Mit dem Rapper KARDINAL KAOS und dem Beatproduzenten ALLIGATORMAN haben sich unter dem Namen KARDINATOR zwei der umtriebigsten Exponenten der heimischen Hip-Hop-Szene zusammengetan, um gemeinsam ihre eigene Vorstellung von einem Hip-Hop-Sound zu verwirklichen. Mit „Rasenmäher“ (Honigdachs) ist vor Kurzem nun das Debüt erschienen. Und was man von den beiden erwarten durfte, liefern sie auch. Bärenstarke Nummern mit leichter Old-School-Schlagseite, ordentlichem Flow, lässigen funky Beats und einem wirklich hohen Grad an musikalischer Abwechslung. Im Interview mit Michael Ternai erzählen die beiden, wie es zu ihrer Zusammenarbeit gekommen ist, dass man viel ausprobiert hat und warum es beim Mostviertler Dialekt geblieben ist.

Was mir an eurem Album „Rasenmäher“ besonders gefällt, ist, dass es im Sound doch auch etwas oldschool daherkommt. Hattet ihr das im Sinn? 

Kardinal Kaos: Ich glaube, das hat sich einfach so ergeben. Unser Background ist eben dieser Stil. Wir sind mit dem Hip-Hop und Rap früherer Tage aufgewachsen, so gesehen, überrascht es mich jetzt nicht wirklich, dass unser Album in gewisser Weise so geworden ist.

Alligatorman: So arbeiten wir halt. Und ich produziere so. Es sind schon einige Tracks dabei, die meiner Meinung nach, schon auch mit diesem Oldschool-Ding brechen und eine modernere Idee verfolgen. Aber ja, im Sound kann man das Album schon als oldschool interpretieren. Aber es ist jetzt nicht so weit gegangen, dass wir auf einem 4-Track- Recorder aufgenommen haben.

Ihr seid ja schon länger in der Hip-Hop-Szene unterwegs, wo liegen denn eure Wurzeln eigentlich?

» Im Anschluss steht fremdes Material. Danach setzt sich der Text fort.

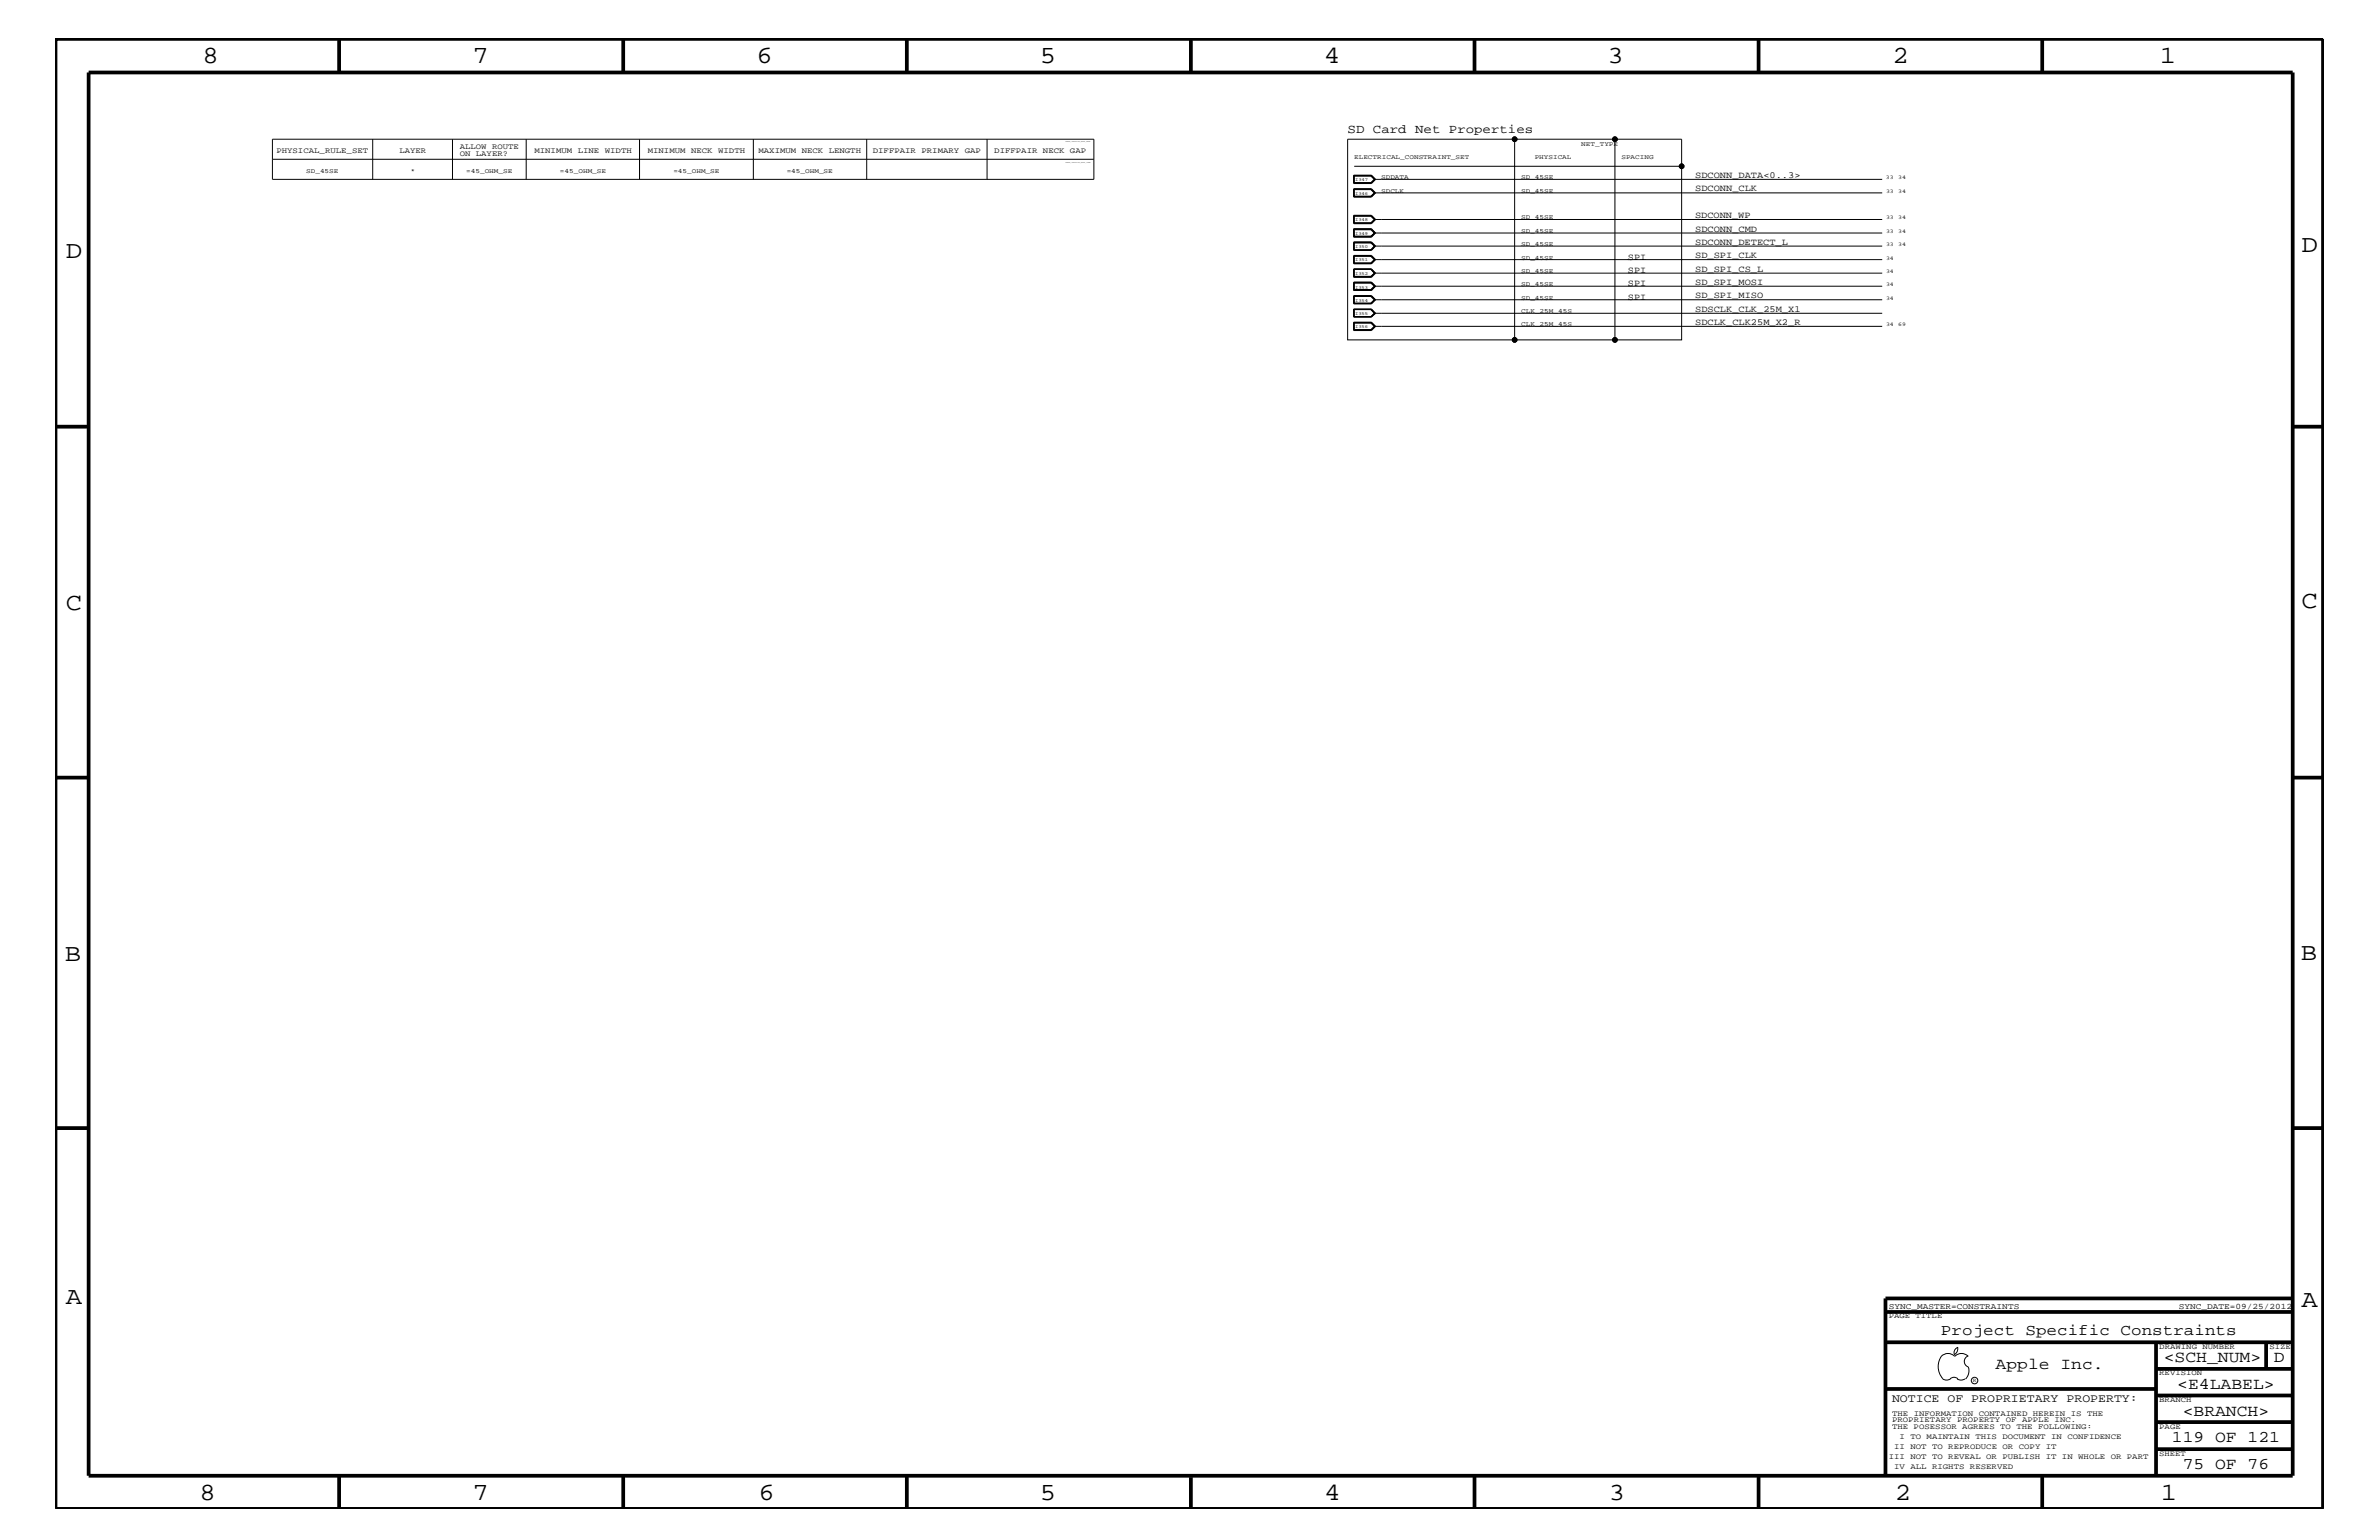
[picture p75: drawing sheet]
<svg xmlns="http://www.w3.org/2000/svg" width="432mm" height="279mm" viewBox="0 0 432 279" stroke-linecap="round" stroke-linejoin="round" font-family="sans-serif">
<defs><g id="words">
<g font-size="4.5">
<text x="36.7" y="11.5">8</text>
<text x="85.8" y="11.5">7</text>
<text x="137.3" y="11.5">6</text>
<text x="188.7" y="11.5">5</text>
<text x="240.3" y="11.5">4</text>
<text x="291.8" y="11.5">3</text>
<text x="343.5" y="11.5">2</text>
<text x="392" y="11.5">1</text>
<text x="11.9" y="46.8">D</text>
<text x="417.7" y="45.7">D</text>
<text x="11.9" y="110.6">C</text>
<text x="417.8" y="110.3">C</text>
<text x="11.8" y="174.3">B</text>
<text x="417.6" y="174.2">B</text>
<text x="11.9" y="236.7">A</text>
<text x="417.8" y="237.1">A</text>
<text x="36.2" y="272.1">8</text>
<text x="85.8" y="272.1">7</text>
<text x="137.7" y="272.1">6</text>
<text x="188.7" y="272.1">5</text>
<text x="240.4" y="272.1">4</text>
<text x="292" y="272.1">3</text>
<text x="343.9" y="272.1">2</text>
<text x="392.2" y="272.1">1</text>
</g>
<g font-size="3">
<text x="362.2" y="248.4">Apple Inc.</text>
<text x="392.7" y="247.1">&lt;SCH_NUM&gt;</text>
<text x="395.2" y="252">&lt;E4LABEL&gt;</text>
<text x="412.7" y="247.1">D</text>
<text x="396.2" y="256.8">&lt;BRANCH&gt;</text>
<text x="394.2" y="261.6">119 OF 121</text>
<text x="396.2" y="266.6">75 OF 76</text>
</g>
<text font-size="2.9" x="352.3" y="242.3">Project Specific Constraints</text>
<text font-size="2.3" x="244.6" y="24.1">SD Card Net Properties</text>
<text font-size="2.1" x="343.4" y="254.4">NOTICE OF PROPRIETARY PROPERTY:</text>
<g font-size="1.7">
<text x="307.7" y="32.3">SDCONN_DATA&lt;0..3&gt;</text>
<text x="307.7" y="34.7">SDCONN_CLK</text>
<text x="307.7" y="39.6">SDCONN_WP</text>
<text x="295.5" y="47.1">SPI</text>
<text x="307.7" y="42">SDCONN_CMD</text>
<text x="307.7" y="46.8">SD_SPI_CLK</text>
<text x="307.7" y="44.4">SDCONN_DETECT_L</text>
<text x="295.5" y="49.6">SPI</text>
<text x="295.5" y="51.9">SPI</text>
<text x="307.7" y="49.3">SD_SPI_CS_L</text>
<text x="307.7" y="51.7">SD_SPI_MOSI</text>
<text x="295.5" y="54.4">SPI</text>
<text x="307.7" y="56.6">SDSCLK_CLK_25M_X1</text>
<text x="307.7" y="59">SDCLK_CLK25M_X2_R</text>
<text x="307.7" y="54.1">SD_SPI_MISO</text>
</g>
<g font-size="1.5">
<text x="342.8" y="237.4">SYNC_MASTER=CONSTRAINTS</text>
<text x="395.5" y="237.4">SYNC_DATE=09/25/2012</text>
</g>
<g font-size="1.4">
<text x="50.2" y="27.7">PHYSICAL_RULE_SET</text>
<text x="72.5" y="27.7">LAYER</text>
<text x="83.4" y="27.1">ALLOW ROUTE</text>
<text x="83.4" y="28.3">ON LAYER?</text>
<text x="97" y="27.7">MINIMUM LINE WIDTH</text>
<text x="117.6" y="27.7">MINIMUM NECK WIDTH</text>
<text x="137.7" y="27.7">MAXIMUM NECK LENGTH</text>
<text x="158.4" y="27.7">DIFFPAIR PRIMARY GAP</text>
<text x="180.5" y="27.7">DIFFPAIR NECK GAP</text>
<text x="342.8" y="239.2">PAGE TITLE</text>
<text x="391.9" y="244.7">DRAWING NUMBER</text>
<text x="411.9" y="244.7">SIZE</text>
<text x="391.9" y="249.5">REVISION</text>
<text x="343.4" y="256.8">THE INFORMATION CONTAINED HEREIN IS THE</text>
<text x="391.9" y="254.4">BRANCH</text>
<text x="343.4" y="259.3">THE POSESSOR AGREES TO THE FOLLOWING:</text>
<text x="343.4" y="258">PROPRIETARY PROPERTY OF APPLE INC.</text>
<text x="343.8" y="262.9">II NOT TO REPRODUCE OR COPY IT</text>
<text x="344.8" y="261.1">I TO MAINTAIN THIS DOCUMENT IN CONFIDENCE</text>
<text x="391.9" y="259.3">PAGE</text>
<text x="342.8" y="264.7">III NOT TO REVEAL OR PUBLISH IT IN WHOLE OR PART</text>
<text x="343.8" y="266.6">IV ALL RIGHTS RESERVED</text>
<text x="391.9" y="264.1">SHEET</text>
</g>
<g font-size="1.2">
<text x="245.8" y="28.9">ELECTRICAL_CONSTRAINT_SET</text>
<text x="278.6" y="28.9">PHYSICAL</text>
<text x="287" y="26.5">NET_TYPE</text>
<text x="294.3" y="28.9">SPACING</text>
<text x="55.6" y="31.4">SD_45SE</text>
<text x="74.5" y="31.4">*</text>
<text x="84.6" y="31.4">=45_OHM_SE</text>
<text x="101.6" y="31.4">=45_OHM_SE</text>
<text x="122.2" y="31.4">=45_OHM_SE</text>
<text x="142.8" y="31.4">=45_OHM_SE</text>
<text x="250.7" y="35">SDCLK</text>
<text x="250.7" y="32.5">SDDATA</text>
<text x="276.1" y="32.5">SD_45SE</text>
<text x="276.1" y="35">SD_45SE</text>
<text x="276.1" y="39.8">SD_45SE</text>
<text x="276.1" y="42.3">SD_45SE</text>
<text x="276.1" y="44.6">SD_45SE</text>
<text x="276.1" y="47.1">SD_45SE</text>
<text x="276.1" y="49.6">SD_45SE</text>
<text x="276.1" y="51.9">SD_45SE</text>
<text x="276.1" y="56.8">CLK_25M_45S</text>
<text x="276.1" y="59.2">CLK_25M_45S</text>
<text x="276.1" y="54.4">SD_45SE</text>
</g>
<g font-size="1">
<text x="342.3" y="32.5">33</text>
<text x="342.3" y="35">33</text>
<text x="344.5" y="32.5">34</text>
<text x="344.5" y="35">34</text>
<text x="342.3" y="39.8">33</text>
<text x="344.5" y="39.8">34</text>
<text x="342.3" y="42.3">33</text>
<text x="342.3" y="44.6">33</text>
<text x="342.3" y="47.1">34</text>
<text x="344.5" y="42.3">34</text>
<text x="344.5" y="44.6">34</text>
<text x="342.3" y="49.6">34</text>
<text x="342.3" y="51.9">34</text>
<text x="342.3" y="54.4">34</text>
<text x="342.3" y="59.2">34</text>
<text x="344.5" y="59.2">69</text>
<text x="358.1" y="250.7">R</text>
</g>
<g font-size=".8">
<text x="246" y="35.3">I346</text>
<text x="246" y="32.9">I347</text>
<text x="246" y="40.2">I348</text>
<text x="246" y="42.6">I349</text>
<text x="246" y="45.1">I350</text>
<text x="246" y="47.4">I351</text>
<text x="246" y="49.9">I352</text>
<text x="246" y="52.4">I353</text>
<text x="246" y="54.7">I354</text>
<text x="246" y="57.2">I355</text>
<text x="246" y="59.5">I356</text>
</g>
<g font-size=".3">
<text x="193.4" y="25.9">TABLE_PHYSICAL_RULE_HEAD</text>
<text x="193.4" y="29.5">TABLE_PHYSICAL_RULE_ITEM</text>
</g>
</g></defs>
<g fill="none" stroke="#000" stroke-width=".18">
<path d="M49.4 25.3h149.1v7.2h-149.1zM49.4 28.9h149.1M67.6 25.3v7.2M82.1 25.3v7.2M95.5 25.3v7.2M116.1 25.3v7.2M136.7 25.3v7.2M157.3 25.3v7.2M179.2 25.3v7.2M245.7 31.8h3.2l.8 .7-.8 .8h-3.2zM245.7 39.1h3.2l.8 .7-.8 .8h-3.2zM245.7 34.2h3.2l.8 .8-.8 .8h-3.2z"/>
<path d="M245.7 34.3h3.2l.7 .7-.7 .7h-3.2M245.7 31.9h3.2l.7 .6-.7 .7h-3.2M245.7 39.1h3.2l.7 .7-.7 .7h-3.2M245.8 30.2h59.4M245.8 31.9v1.3M245.8 34.3v1.4M245.8 39.1v1.4M245.8 34.4h3l.6 .6M245.8 31.9h3l.6 .6M245.8 39.2h3l.6 .6M248.8 34.3l.7 .7-.7 .7M248.8 31.9l.7 .6-.7 .7"/>
<path d="M248.8 39.1l.7 .7-.7 .7M249.4 35h92.2M249.4 32.5h92.2M249.4 39.8h92.2M249.4 35l-.6 .6h-3M249.4 32.5l-.6 .6h-3M249.4 39.8l-.6 .6h-3M274.9 25.3h18.2M305.2 30.2v31.5h-12.1M305.2 30.2v-4.9h-12.1v36.4h-48.5v-36.4h30.3v36.4M245.7 41.5h3.2l.8 .8-.8 .7h-3.2zM245.7 43.9h3.2l.8 .7-.8 .8h-3.2z"/>
<path d="M245.7 46.3h3.2l.8 .8-.8 .8h-3.2zM245.7 48.8h3.2l.8 .8-.8 .7h-3.2zM245.7 51.2h3.2l.8 .7-.8 .8h-3.2zM245.7 53.6h3.2l.8 .8-.8 .7h-3.2zM245.7 58.4h3.2l.8 .8-.8 .8h-3.2zM245.7 44h3.2l.7 .6-.7 .8M245.7 46.4h3.2l.7 .7-.7 .7h-3.2M245.7 51.3h3.2l.7 .6-.7 .8M245.7 53.7h3.2l.7 .7-.7 .7h-3.2M245.7 58.5h3.2l.7 .7-.7 .7h-3.2M245.8 41.6h3l.7 .7-.7 .6h-3zM245.8 46.4v1.4"/>
<path d="M245.8 51.3h3l.7 .6-.7 .7h-3zM245.8 53.7v1.4M245.8 58.5v1.4M245.8 41.7h3l.6 .6M245.8 46.5h3l.6 .6M245.8 53.8h3l.6 .6M245.8 58.6h3l.6 .6M248.8 44.1l.7 .5-.7 .7M248.8 46.4l.7 .7-.7 .7M248.8 48.9l.7 .7-.7 .6M248.8 53.7l.7 .7-.7 .7M248.8 56.2l.7 .6-.7 .6"/>
<path d="M248.8 58.5l.7 .7-.7 .7M248.8 44.1l.6 .5M248.8 48.9l.6 .7M248.8 51.3l.6 .6M248.8 56.2l.6 .6M248.8 44.1h-3v1.2h3M248.8 48.9h-3v1.3h3M248.8 56.2h-3v1.2h3M248.9 56.1l.8 .7-.8 .7M248.9 41.5l.7 .8-.7 .7h-3.2M248.9 48.8l.7 .8-.7 .6h-3.2M248.9 56.1l.7 .7-.7 .7"/>
<path d="M248.9 56.1h-3.2v1.4h3.2M249.4 42.3h92.2M249.4 44.6h92.2M249.4 47.1h92.2M249.4 49.6h92.2M249.4 51.9h92.2M249.4 54.4h92.2M249.4 56.8h92.2M249.4 59.2h92.2M249.4 42.3l-.6 .6M249.4 44.6l-.6 .7M249.4 47.1l-.6 .6h-3"/>
<path d="M249.4 49.6l-.6 .6M249.4 51.9l-.6 .6h-3M249.4 54.4l-.6 .6h-3M249.4 56.8l-.6 .6M249.4 59.2l-.6 .6h-3M352.3 246.1a1.72 1.72 0 0 1 2.5 0 1.69 1.69 0 0 1 2.4 0M352.4 246a3.2 3.2 0 0 0 .4 4.3l.8 .1 .4-.2M354 250.2l.7-.3 .7 .3M355.2 250.2l.7 .2 .7-.2M355.3 244.4v.3a1.18 1.18 0 0 1-.6 1.1M355.4 244.4a.99 .99 0 0 0-.6 1.4M357.2 246a1.04 1.04 0 0 0-.7 1 1.04 1.04 0 0 0 .7 1"/>
<path d="M357.3 248l.1 .7a2.11 2.11 0 0 1-.6 1.5"/>
<circle cx="274.9" cy="25.3" r=".42"/>
<circle cx="293.1" cy="25.3" r=".42"/>
<circle cx="305.2" cy="30.2" r=".42"/>
<circle cx="274.9" cy="61.7" r=".42"/>
<circle cx="293.1" cy="61.7" r=".42"/>
<circle cx="358.4" cy="250.5" r=".59"/>
</g>
<g fill="none" stroke="#000" stroke-width=".68" stroke-linecap="butt">
<path d="M10.1 7.1h411.5v266.7h-411.5zM16.1 13.2h400v254.5h-400zM61.6 7.1v6.1M113.1 7.1v6.1M164.6 7.1v6.1M216.2 7.1v6.1M267.6 7.1v6.1M319.2 7.1v6.1M370.7 7.1v6.1M10.1 77.4h6M416.1 77.4h5.5M10.1 141.1h6"/>
<path d="M416.1 141.1h5.5M10.1 204.7h6M416.1 204.7h5.5M342.2 238h73.9M416.1 235.6h-73.9v32.1M342.2 243.5h73.9M342.2 252h49.1M391.3 258h24.8M391.3 253.2h24.8M391.3 248.4h24.8M391.3 243.5v24.2M411.3 243.5v4.9"/>
<path d="M61.6 267.7v6.1M113.1 267.7v6.1M164.6 267.7v6.1M216.2 268v5.8M267.6 267.7v6.1M319.2 267.7v6.1M370.7 267.7v6.1M391.3 262.9h24.8"/>
</g>
<g fill="#000">
<circle cx="274.9" cy="25.3" r=".42"/>
<circle cx="293.1" cy="25.3" r=".42"/>
<circle cx="305.2" cy="30.2" r=".42"/>
<circle cx="274.9" cy="61.7" r=".42"/>
<circle cx="293.1" cy="61.7" r=".42"/>
</g>
<use href="#words"/>
</svg>

Du, Kardinal, lebst ja in Linz, also quasi in der Hip-Hop-Hauptstadt Österreichs. 

Kardinal Kaos: Ja, ich bin vor ungefähr sieben, acht Jahren hierhergezogen, habe aber auch schon vorher viel Zeit in Linz verbracht. Ich war regelmäßig in der Kapu bei Konzerten und habe so schon viel mitgekommen und auch die Szene kennengelernt. Mein erstes richtiges Projekt, Mostheadz, ist aber nicht dort entstanden, sondern im Mostviertel. Wobei wir natürlich schon auch in Linz bzw. in Oberösterreich, wie etwa beim Böllerbauer Open Air, aufgetreten sind. Irgendwann ist dann das erste Mostheadz-Album erschienen und etwas später dann schon das Album „Golden Beash“. Und dann sind wir schon da, wo wir jetzt sind.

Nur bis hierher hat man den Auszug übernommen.